We used a novel approach to identify factors which lead to the highest risk of low BMD in a pediatric cohort referred for DXA. Prior studies have focused on BMD in specific populations, such as children and young adults with a particular diagnosis or those receiving a certain therapy. Our findings suggest that for all children referred for DXA, a low BMI Z-score, a history of BMT, and vitamin D insufficiency are significant risk factors for a low BMD. Identification of the medical conditions and therapies that lead to the greatest risk of low BMD in a pediatric population is especially important, given that adequate bone mineral accretion during childhood may impact the peak bone mass that is achieved during adulthood, especially for children with chronic medical conditions or therapies. Additionally, we hope that this information can be used to help decrease the frequency of fragility fractures in hospitalized children.
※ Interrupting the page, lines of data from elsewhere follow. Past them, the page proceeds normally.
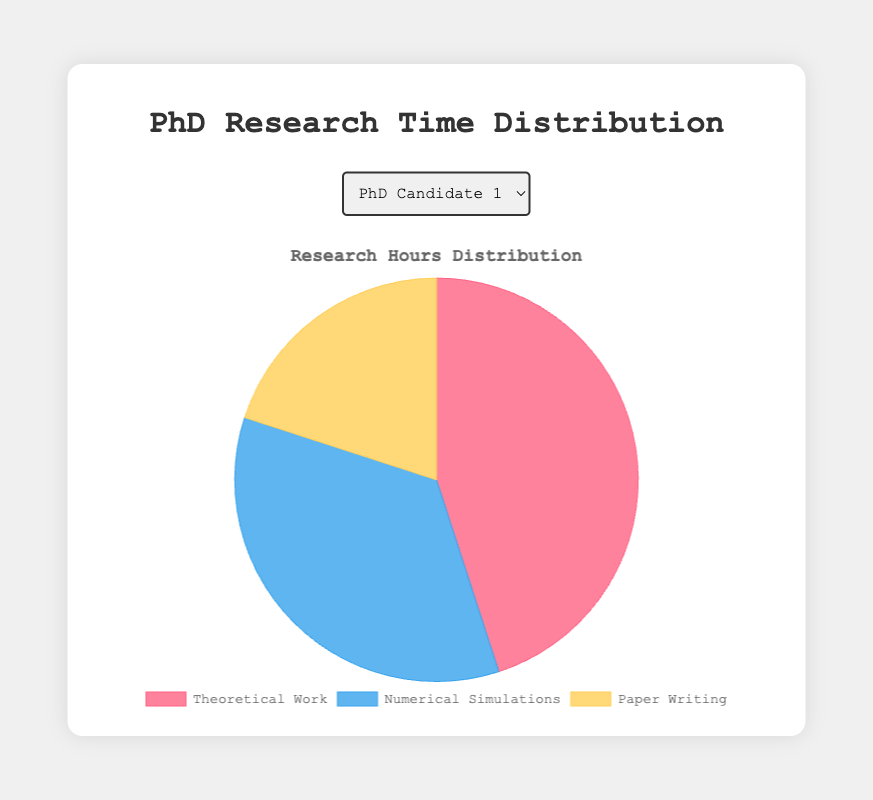what is the percentage of time spent by PhD Candidate 4 on theoretical work? The pie chart shows the distribution of time for PhD Candidate 4. From the chart, we can see that theoretical work takes 60% of the total time allocated.
Answer: 60% Compare the time spent on numerical simulations between PhD Candidate 2 and PhD Candidate 5. By looking at the chart, we see that Numerical Simulations take up 30% of the time for PhD Candidate 2 and 25% for PhD Candidate 5. Hence, PhD Candidate 2 spends more time on numerical simulations.
Answer: PhD Candidate 2 spends more time What is the total percentage of time spent on paper writing by all candidates? From the data, all candidates spend 20% of their time on paper writing. To find the total, we just sum 20% five times. 20% + 20% + 20% + 20% + 20% = 100%.
Answer: 100% Which candidate dedicates the highest percentage of their time to theoretical work? By comparing the slices of the pie chart, PhD Candidate 4 dedicates 60% of their time to theoretical work, which is the highest percentage among all candidates.
Answer: PhD Candidate 4 How does the distribution of research hours for PhD Candidate 3 compare to PhD Candidate 1 in terms of numerical simulations and paper writing combined? PhD Candidate 3 dedicates 40% to numerical simulations and 20% to paper writing, making a total of 60%. PhD Candidate 1 dedicates 35% to numerical simulations and 20% to paper writing, making a total of 55%.
Answer: PhD Candidate 3 spends more What is the average percentage of time spent on numerical simulations by all candidates? To find the average percentage of time spent on numerical simulations, sum all the percentages and divide by the number of candidates. (35 + 30 + 40 + 20 + 25)/5 = 30%
Answer: 30% Identify the candidate who has the most balanced distribution of research hours. The most balanced distribution would imply the closest percentages among theoretical work, numerical simulations, and paper writing. PhD Candidate 3 has 40%, 40%, and 20% respectively, which appears most balanced.
Answer: PhD Candidate 3 How much more time does PhD Candidate 4 spend on theoretical work compared to numerical simulations? PhD Candidate 4 spends 60% on theoretical work and 20% on numerical simulations. The difference is 60% - 20% = 40%.
Answer: 40% more 
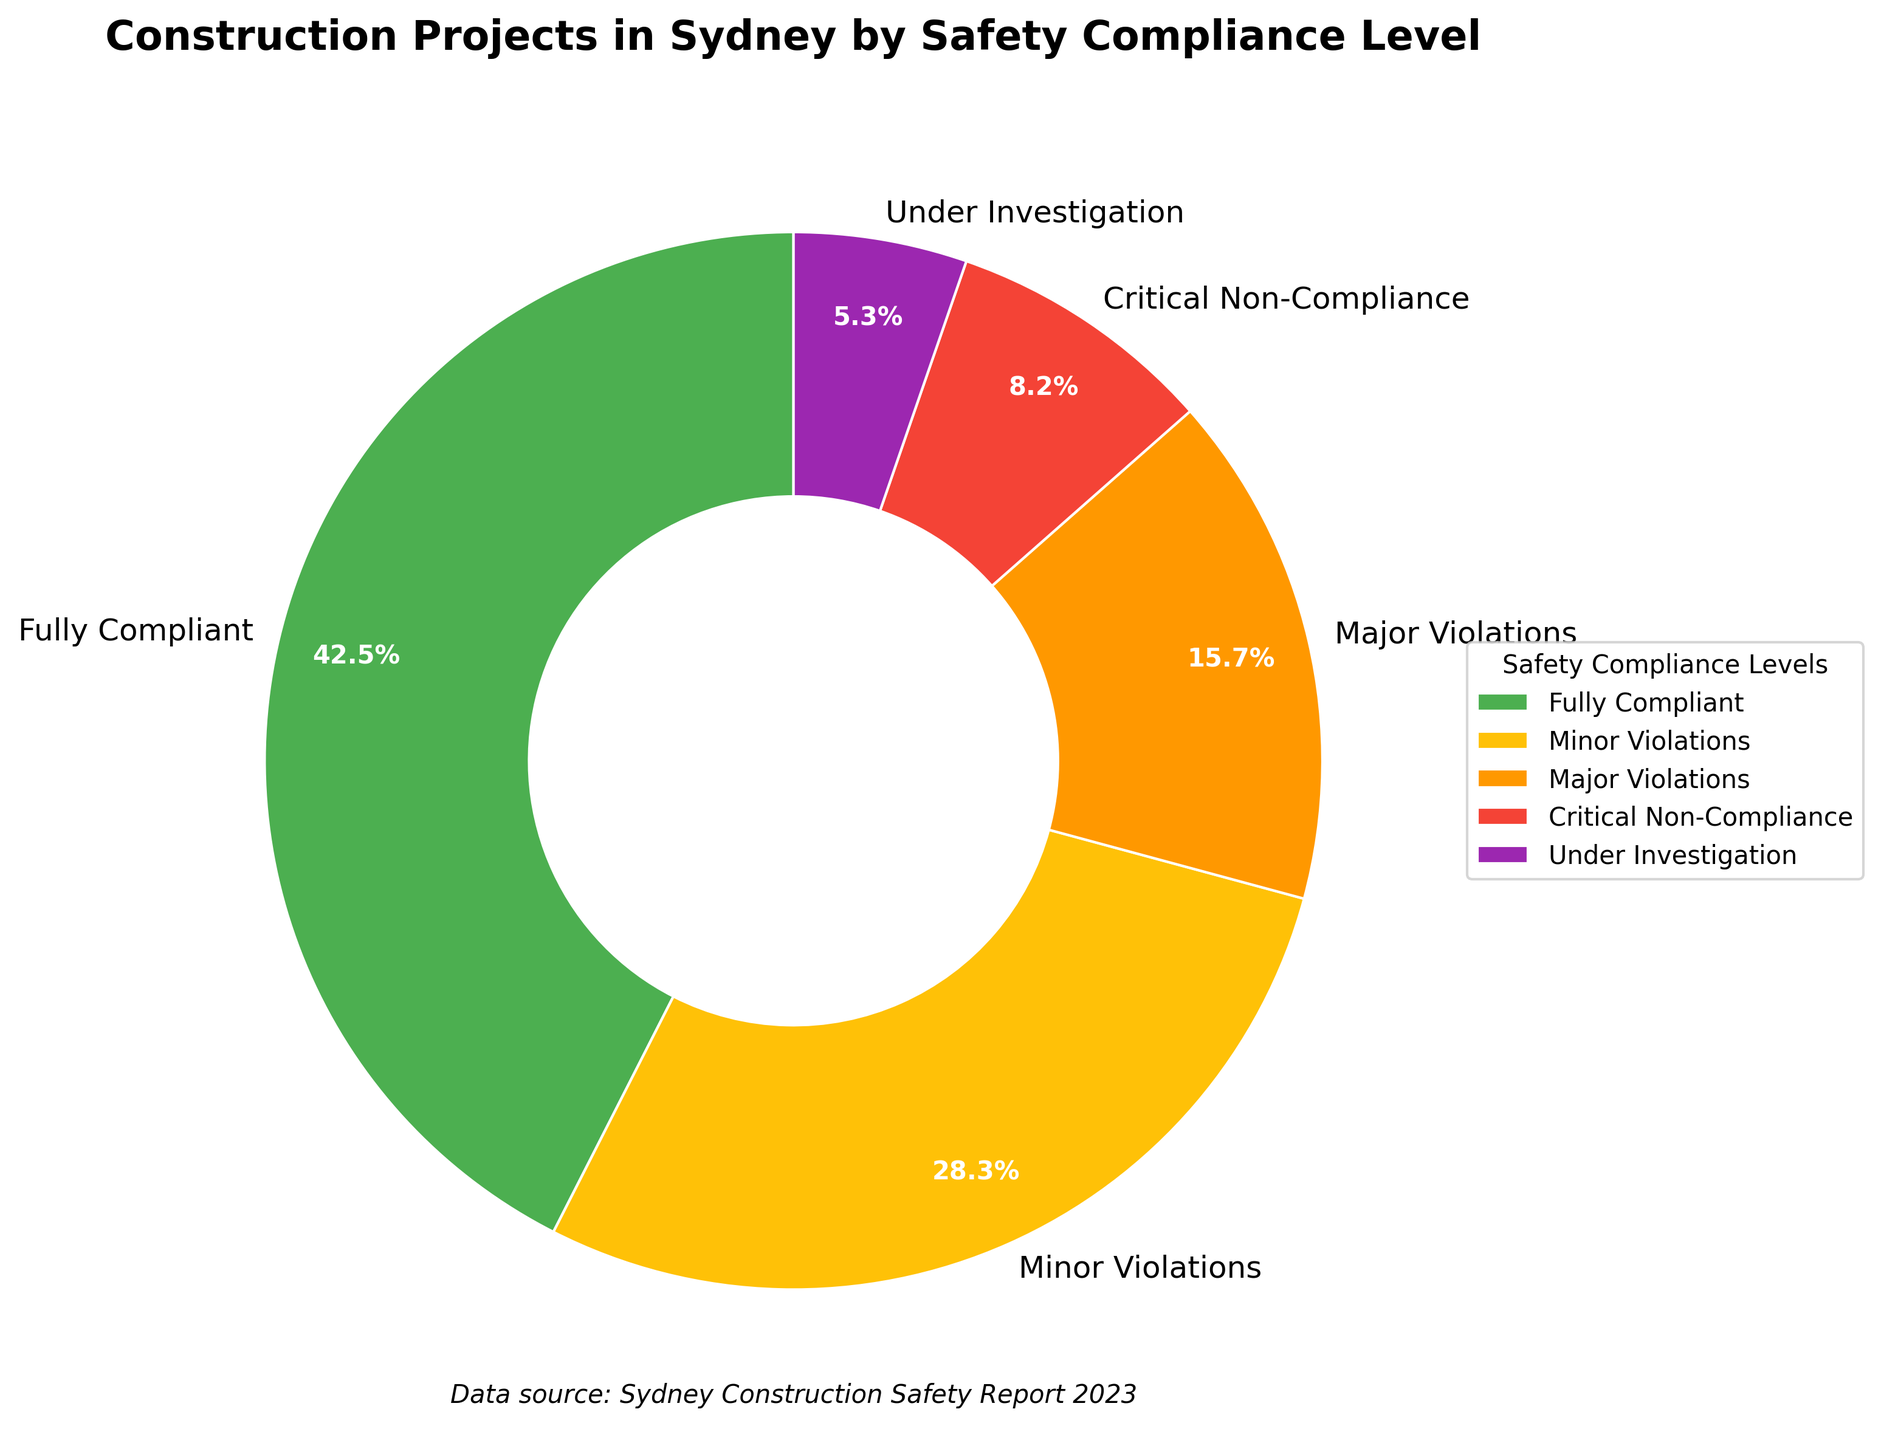What's the percentage of projects that are either Fully Compliant or have Minor Violations? To find the sum of percentages for the "Fully Compliant" and "Minor Violations" categories, add 42.5% (Fully Compliant) and 28.3% (Minor Violations). So, 42.5% + 28.3% = 70.8%.
Answer: 70.8% Which safety compliance level has the highest percentage of projects? The segment with the largest size and the corresponding label (Fully Compliant) represents the highest percentage at 42.5%.
Answer: Fully Compliant Compare the percentage of projects with Critical Non-Compliance to those Under Investigation. Which is greater and by how much? The percentage of projects with Critical Non-Compliance is 8.2%, and those Under Investigation is 5.3%. The difference is 8.2% - 5.3% = 2.9%. Thus, Critical Non-Compliance is greater by 2.9%.
Answer: Critical Non-Compliance by 2.9% Which safety compliance level is represented by the purple color? The segment colored purple is labeled "Under Investigation".
Answer: Under Investigation What percentage of projects have Major Violations or greater levels of non-compliance (including Critical Non-Compliance and Under Investigation)? Add the percentages for Major Violations (15.7%), Critical Non-Compliance (8.2%), and Under Investigation (5.3%). So, 15.7% + 8.2% + 5.3% = 29.2%.
Answer: 29.2% What is the combined percentage of projects that have either Minor or Major Violations? Add the percentages for Minor Violations (28.3%) and Major Violations (15.7%). So, 28.3% + 15.7% = 44.0%.
Answer: 44.0% Are there more projects with Minor Violations or Major Violations, and by what margin? The percentage for Minor Violations is 28.3% and for Major Violations is 15.7%. The difference is 28.3% - 15.7% = 12.6%. Therefore, Minor Violations are more by 12.6%.
Answer: Minor Violations by 12.6% Which safety compliance level has the second highest percentage of projects? After Fully Compliant (42.5%), Minor Violations have the second highest percentage at 28.3%.
Answer: Minor Violations How critical is the percentage represented by Critical Non-Compliance compared to Fully Compliant? Fully Compliant is 42.5%, while Critical Non-Compliance is 8.2%. Compare by taking the ratio 8.2% / 42.5% = 0.193 which approximately means Critical Non-Compliance is 19.3% of Fully Compliant.
Answer: 19.3% How many safety compliance levels are displayed in the pie chart? Count the different segments (labels) in the pie chart. There are five levels: Fully Compliant, Minor Violations, Major Violations, Critical Non-Compliance, and Under Investigation.
Answer: Five

Earlier identification of risk factors could potentially lead to the initiation of strategies that maximize bone health during childhood and adolescence and ultimately reduce the future risk for developing osteoporosis.

Abbreviations

BMD: Bone mineral density; DXA: Dual-energy x-ray absorptiometry; BMI: Body mass index; OR: Odds ratio; CI: Confidence interval; SD: Standard deviation; IBD: Inflammatory bowel disease; BMT: Bone marrow transplant.

Competing interests

None of the authors have any competing interest relevant to the topic of this manuscript. Catherine Gordon reports that she was the Co-Director of the Clinical Investigator Training Program through Harvard/MIT with support of Pfizer and Merck, through June 2012.

Authors’ contributions

All authors meet criteria for authorship, have participated in the writing of the manuscript, and have seen and approved the final version. LST and C. Giancaterino wrote the first draft of the manuscript and were responsible for data acquisition. LST and C.Gordon developed the concept and design of the study. PM contributed to study design, writing of the manuscript, and was responsible for statistical analysis. C.Gordon had senior responsibility for overall data interpretation, analysis, and writing. All authors provided critical review and revision for important content. All authors read and approved the final manuscript.